Samuelsen, who heads the smallest party in Parliament, has just sent his invitation list to Integration Minister Birthe Rønn Hornbech who is arranging the conference. The Liberal Alliance and the Danish People’s Party are co-organisers of the conference, as it formed part of the government’s budget agreement, which both parties supported.

Wilders obvious
The Danish People’s Party maintains that Wilders is an obvious participant in the conference as his life has been threatened by Muslim fundamentalists. Wilders was recently denied entry into Britain, where he had planned to be present during a showing of his controversial film ‘Fitna’ in the upper House of Lords.

For a while, ‘Fitna’ briefly opened and closed with one of the Danish cartoonist Kurt Westergaard’s controversial Muhammed cartoons.

“This is just Anders Samuelsson’s five minutes of fame that he needs every so often. But here, he doesn’t have a veto,” says Danish People’s Party Chairwoman Pia Kjærsgaard.

“But we’ll figure it out. After what happened in London it wouldn’t be right not to invite Geert Wilders, and we are not alone,” says Kjærsgaard, who also wants to invite Ayaan Hirsi Ali.

Ayaan Hirsi Ali, a former Dutch MP, wrote the manuscript for the Dutch film maker Theo van Gogh's controversial film 'Submission'. Van Gogh was killed in Amsterdam by a Muslim fundamentalist in 2004.

Conservatives agree
The Conservative Party agrees that Wilders should be invited.

“Wilders isn’t my cup of tea, but after Wilders was recently denied entry into Britain, he is more relevant than before at a conference on the freedom of speech,” says Naser Khader who has recently joined the Conservative Party after leaving the Liberal Alliance following a leadership struggle.

Khader says that Wilders has not said anything much different than what Ayaan Hirsi Ali has said. “I can only see the difference between the two that she is dark and beautiful and he is pale and has ugly hair,” says Khader.

Not constructive
Samuelsen says that Wilders represents a debate on the freedom of speech as it played out during Denmark’s crisis surrounding the publication of cartoons of the Prophet Mohammed in a Danish newspaper.

“But we can’t continue the discussions at that level for the next 10 years. We should be using the conference to move the debate onto Mohammed Crisis 2.0. I can’t see that Wilders can offer anything constructive in relation to the situation we currently have in Denmark,” Samuelsen says.

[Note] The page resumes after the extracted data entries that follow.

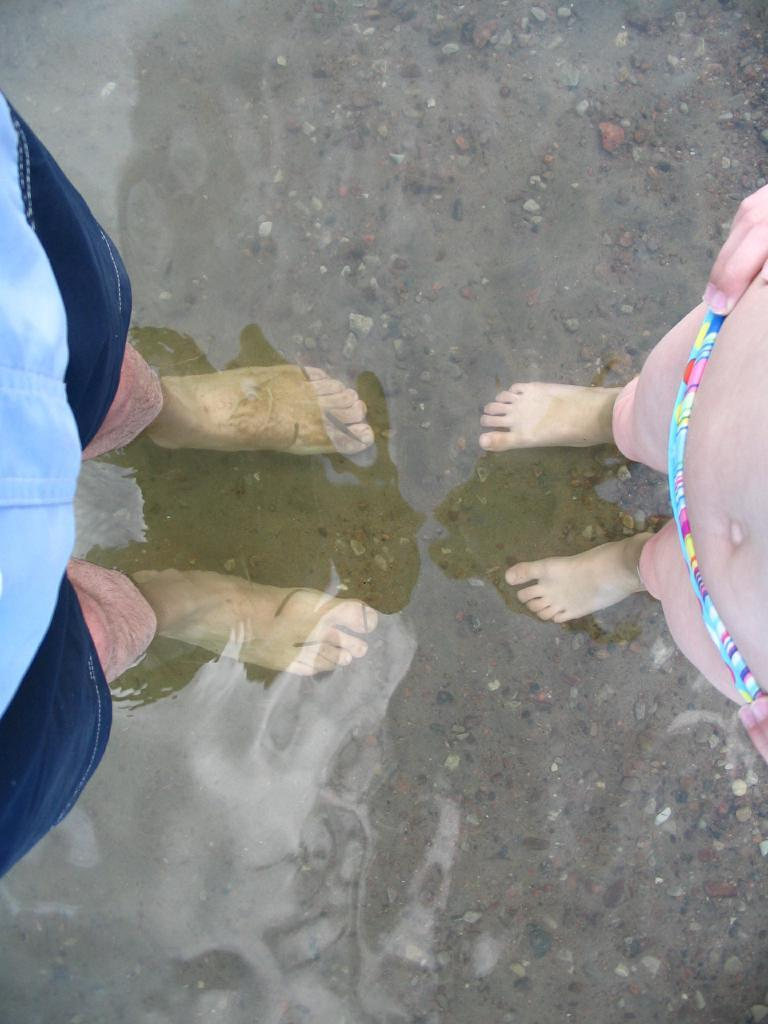How many people are in the water in the image? There are two persons standing in the water in the image. What distinguishes the costumes of the two persons? The two persons are in different costumes. What type of environment is depicted in the image? There is water and sand visible in the background, suggesting a beach or similar location. What type of secretary can be seen working on the playground in the image? There is no secretary or playground present in the image; it features two persons standing in the water in different costumes. 
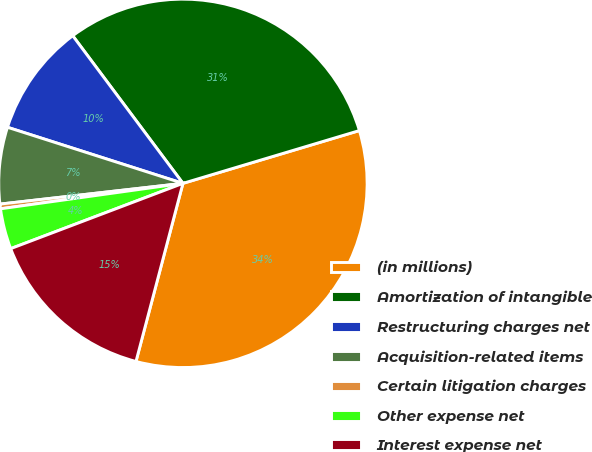Convert chart to OTSL. <chart><loc_0><loc_0><loc_500><loc_500><pie_chart><fcel>(in millions)<fcel>Amortization of intangible<fcel>Restructuring charges net<fcel>Acquisition-related items<fcel>Certain litigation charges<fcel>Other expense net<fcel>Interest expense net<nl><fcel>33.73%<fcel>30.58%<fcel>9.87%<fcel>6.72%<fcel>0.41%<fcel>3.56%<fcel>15.13%<nl></chart> 
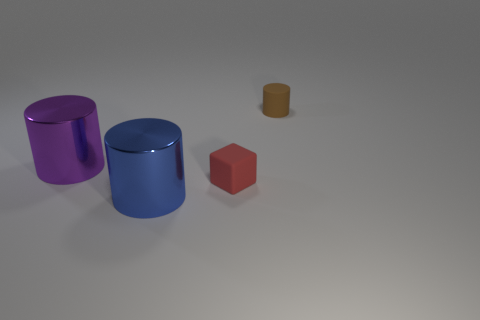What number of objects are the same size as the brown cylinder?
Offer a terse response. 1. Does the rubber object that is on the left side of the rubber cylinder have the same size as the blue metallic thing?
Provide a short and direct response. No. The red object is what shape?
Keep it short and to the point. Cube. Are the tiny thing on the left side of the tiny brown rubber thing and the brown object made of the same material?
Provide a short and direct response. Yes. There is a big metallic object behind the blue metallic thing; does it have the same shape as the small rubber object on the right side of the tiny red matte cube?
Give a very brief answer. Yes. Are there any objects that have the same material as the red cube?
Your answer should be very brief. Yes. What number of purple objects are either things or metallic cylinders?
Your answer should be compact. 1. There is a object that is to the left of the red matte block and in front of the purple metal thing; what is its size?
Make the answer very short. Large. Are there more big objects that are in front of the purple metal object than tiny gray things?
Offer a very short reply. Yes. What number of cubes are either tiny rubber objects or big metal objects?
Offer a very short reply. 1.

“We don’t need to debate whether we support the freedom of speech. We do. And that’s it. All of us. So let us instead discuss how we can live in a way that we get less radicalization and have a more relaxed view of the freedom of speech,” he adds.

Khader disagrees
Naser Khader disagrees.

“If we all agreed on the freedom of speech, there would be no reason to hold the conference. The point is that we have a problem in that some people want to limit the freedom of speech globally. If it is not a problem for the freedom of speech that England has refused entry to a member of parliament of another EU country, then I don’t understand anything,” Khader says adding that Wilders has ‘pompous rhetoric and is provocative’ but has never encouraged violence.

The Minister for Integration Birth Rønn Hornbech has declined to comment on Wilders and whether he is to be invited to the conference.